The final piece of the Land Arts process is now. All exhibition catalog all the time. There’s so much I could add: it begs the question, what to leave out? How big should this book be? I took roughly10,000 photos. Many of them aren’t of a quality worth including, but if even 1% of them are, that’s 100 photos, and it doesn’t even include the drawings, sketches, or watercolors from the road. Or the pressed flowers. Or the charcoal rubbings. Should this book comprehensively cover my entire program experience, or simply reflect the work for the museum show? The number of decisions here is overwhelming in spite of having seen examples of past books.
And how do I want to present this? In some ways, it’s easy to capture this journey as a throwback to the 19th century, with all the baggage that encapsulates; however, it should not appear to be that exclusively, because it’s not. It needs to reflect 21st century complexity, and ensure that it doesn’t read like a nostalgic manifesto to manifest destiny and the hey-day of colonialist imperialism.

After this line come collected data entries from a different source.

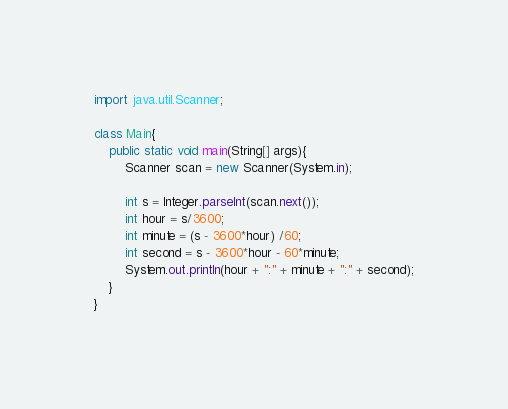Convert code to text. <code><loc_0><loc_0><loc_500><loc_500><_Java_>import java.util.Scanner;

class Main{
    public static void main(String[] args){
        Scanner scan = new Scanner(System.in);

        int s = Integer.parseInt(scan.next());
        int hour = s/3600;
        int minute = (s - 3600*hour) /60;
        int second = s - 3600*hour - 60*minute;
        System.out.println(hour + ":" + minute + ":" + second);
    }
}</code> 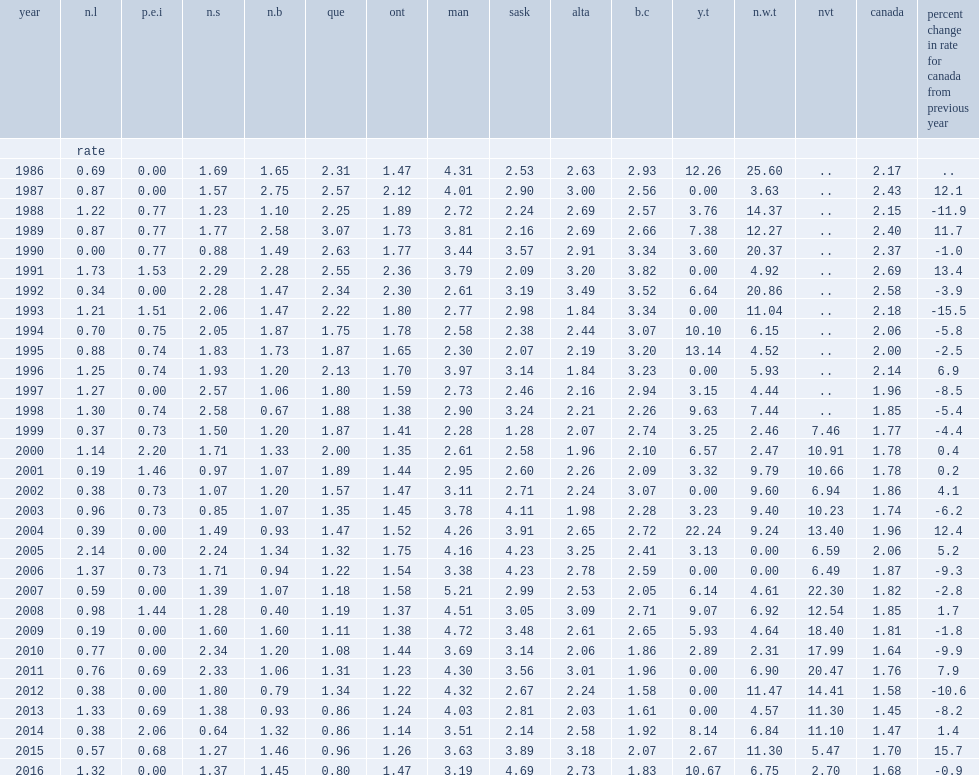What was the change in homicide rate for canada from 2015 to 2016? -0.9. Which province had the highest rate reported in 2016? Sask. Besides saskatchewan,list the top2 provinces had the highest rates among the provinces in 2016. Man alta. Among provinces that had homicides,which province had the lowest rate in 2016? Que. What were the the homicide rates in yukon in 2015 and 2016 respectively? 2.67 10.67. 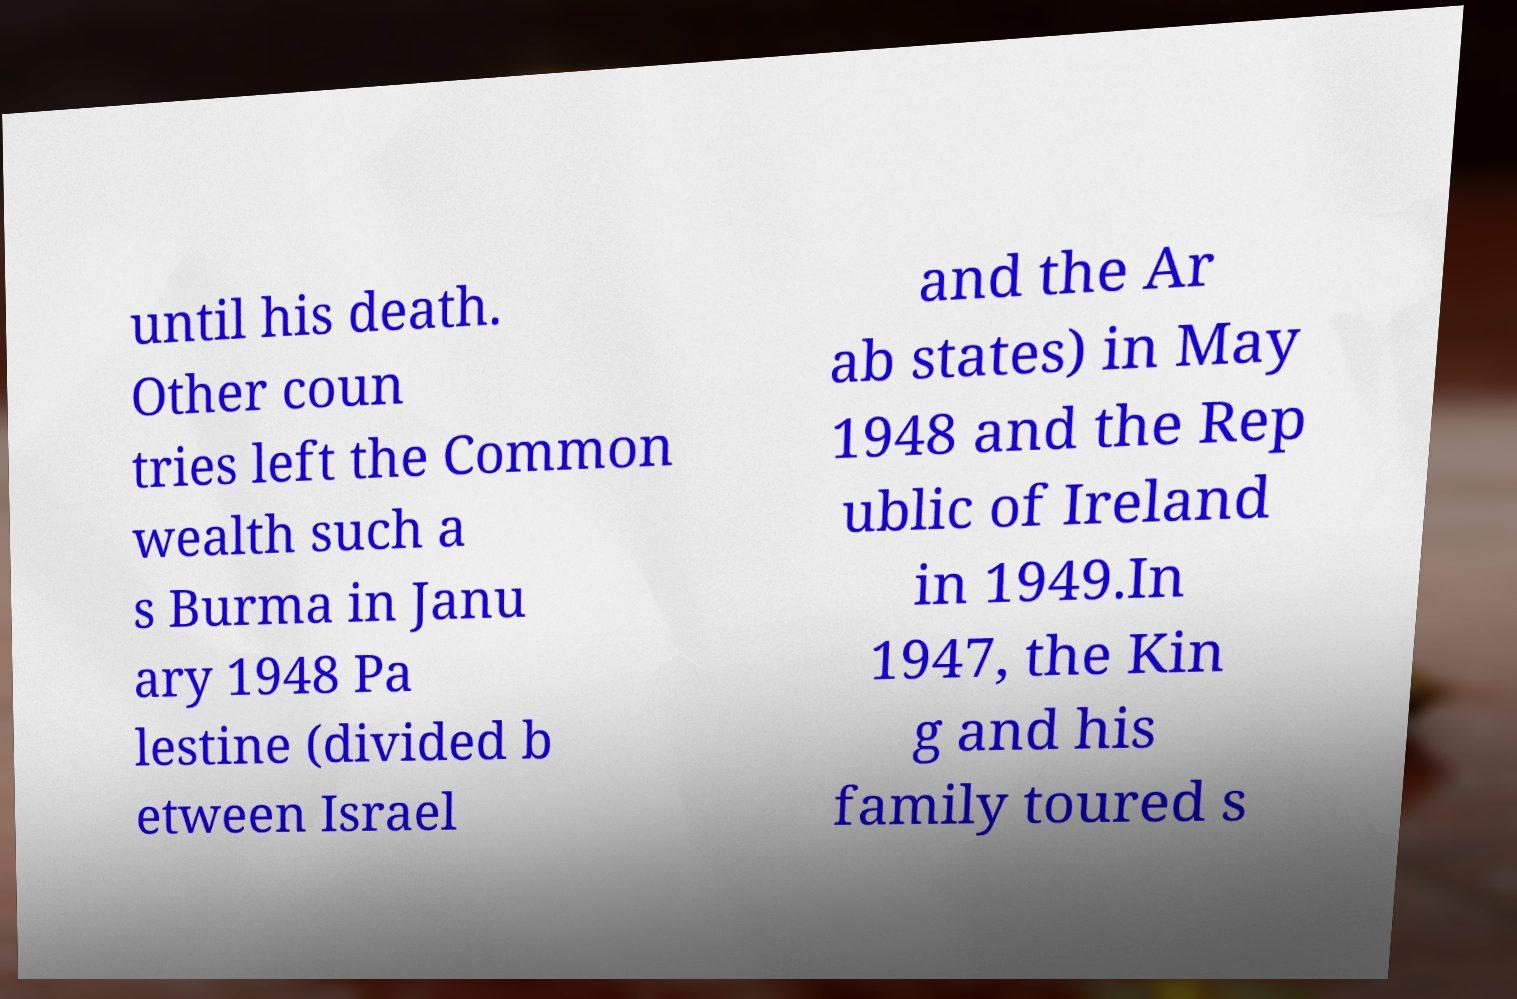I need the written content from this picture converted into text. Can you do that? until his death. Other coun tries left the Common wealth such a s Burma in Janu ary 1948 Pa lestine (divided b etween Israel and the Ar ab states) in May 1948 and the Rep ublic of Ireland in 1949.In 1947, the Kin g and his family toured s 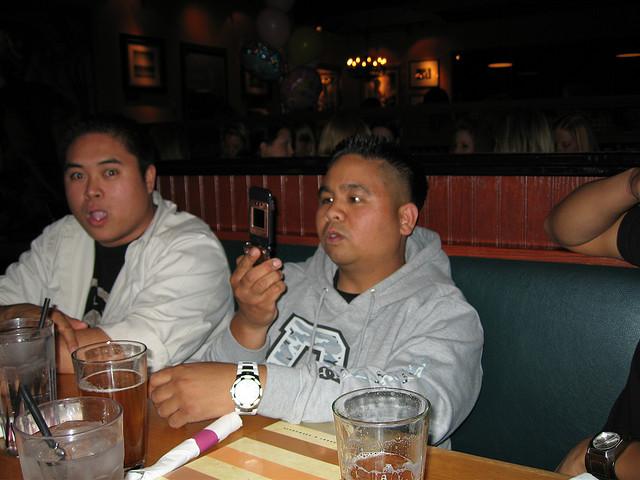What is in the glasses?
Keep it brief. Beer. Is the glass full?
Concise answer only. Yes. What color is the man's shirt?
Short answer required. Gray. Do they look like a happy couple?
Write a very short answer. No. What is everyone drinking?
Concise answer only. Beer. Are these two guys brothers?
Short answer required. Yes. What kind of glasses are on the table?
Write a very short answer. Beer. Is this a birthday party?
Short answer required. No. Is the phone likely newer than 2012?
Be succinct. No. What are these people drinking?
Answer briefly. Beer. What kind of glasses are these?
Write a very short answer. Beer. What is the expression of the person to the left?
Keep it brief. Surprise. Is there wine on the table?
Write a very short answer. No. What color is the man's jacket?
Short answer required. Gray. What kind of building was this picture taken in?
Write a very short answer. Restaurant. 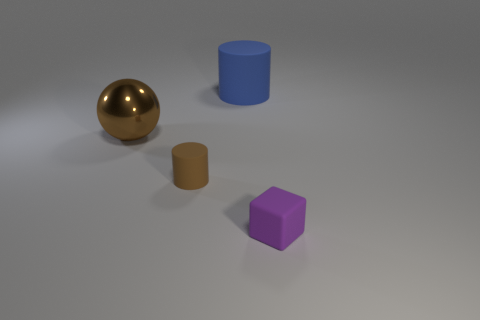Are there more purple things that are on the right side of the brown ball than blue rubber objects that are left of the blue thing?
Provide a succinct answer. Yes. What color is the rubber cylinder that is the same size as the brown metallic thing?
Your response must be concise. Blue. Are there any small cylinders of the same color as the metallic sphere?
Your response must be concise. Yes. Does the big object that is behind the big shiny sphere have the same color as the small object that is behind the small purple cube?
Keep it short and to the point. No. There is a cylinder behind the tiny brown matte cylinder; what is it made of?
Offer a very short reply. Rubber. What is the color of the cylinder that is made of the same material as the blue thing?
Ensure brevity in your answer.  Brown. How many gray objects are the same size as the ball?
Provide a short and direct response. 0. There is a cylinder on the left side of the blue cylinder; is it the same size as the large blue thing?
Your answer should be compact. No. There is a thing that is both on the left side of the large matte cylinder and in front of the large brown metallic object; what shape is it?
Make the answer very short. Cylinder. There is a tiny purple matte thing; are there any blocks in front of it?
Make the answer very short. No. 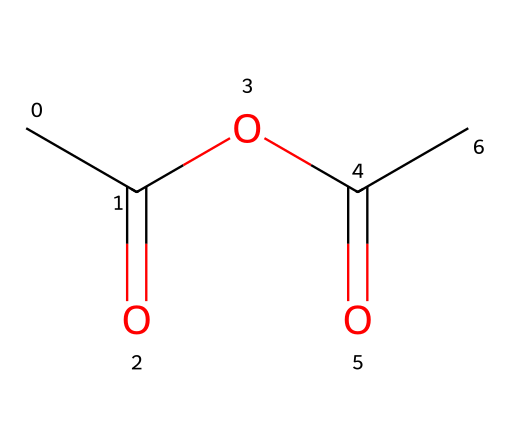How many carbon atoms are in this chemical structure? By examining the SMILES representation, there are four 'C' characters in the string, indicating there are four carbon atoms in total.
Answer: four What functional groups are present in acetic anhydride? Acetic anhydride contains two acyl groups derived from acetic acid, which is represented by the presence of two carbonyl (C=O) groups, alongside the oxygen atoms connecting them.
Answer: two acyl groups What is the total number of oxygen atoms in this compound? The SMILES notation includes two 'O' characters, indicating that there are two oxygen atoms in the molecule.
Answer: two What is the general classification of acetic anhydride based on its structure? Acetic anhydride is classified as an acid anhydride due to the presence of an anhydride linkage (the connection between two acyl groups via oxygen) in its structure.
Answer: acid anhydride What type of reaction can acetic anhydride undergo due to its structure? Acetic anhydride can participate in acylation reactions because it has reactive acyl groups that can react with nucleophiles, making it useful in organic synthesis.
Answer: acylation What is the significance of the carbonyl groups in acetic anhydride? The carbonyl groups (C=O) in the structure are significant as they play a critical role in its reactivity and ability to act as an electrophile in chemical reactions.
Answer: reactivity and electrophilicity

My basic plan has been to prepare to include everything reasonably worthy of showing and then edit the extraneous/less exciting material out and decide on a good layout. This also feels overwhelming. I had a plan for a print size, but it turns out that I don’t like it for the photos or the work I made. On the surface, that’s an easy fix. In practice, it means many, many more decisions and an entirely new design. This is where I find digital space so limiting. It’s easy and cheap to set a thing up and just go with it, but it’s hard to play with design ideas the way you can with tangible objects in space, even two dimensional ones like sheets of paper. Then there’s the fact that graphic design has never been my strength, and it always pains me to make graphic layouts. I am rarely happy with the results and I will too easily lean into things that have worked for me before, which… often aren’t that interesting.
Guess the only thing to do is go to work.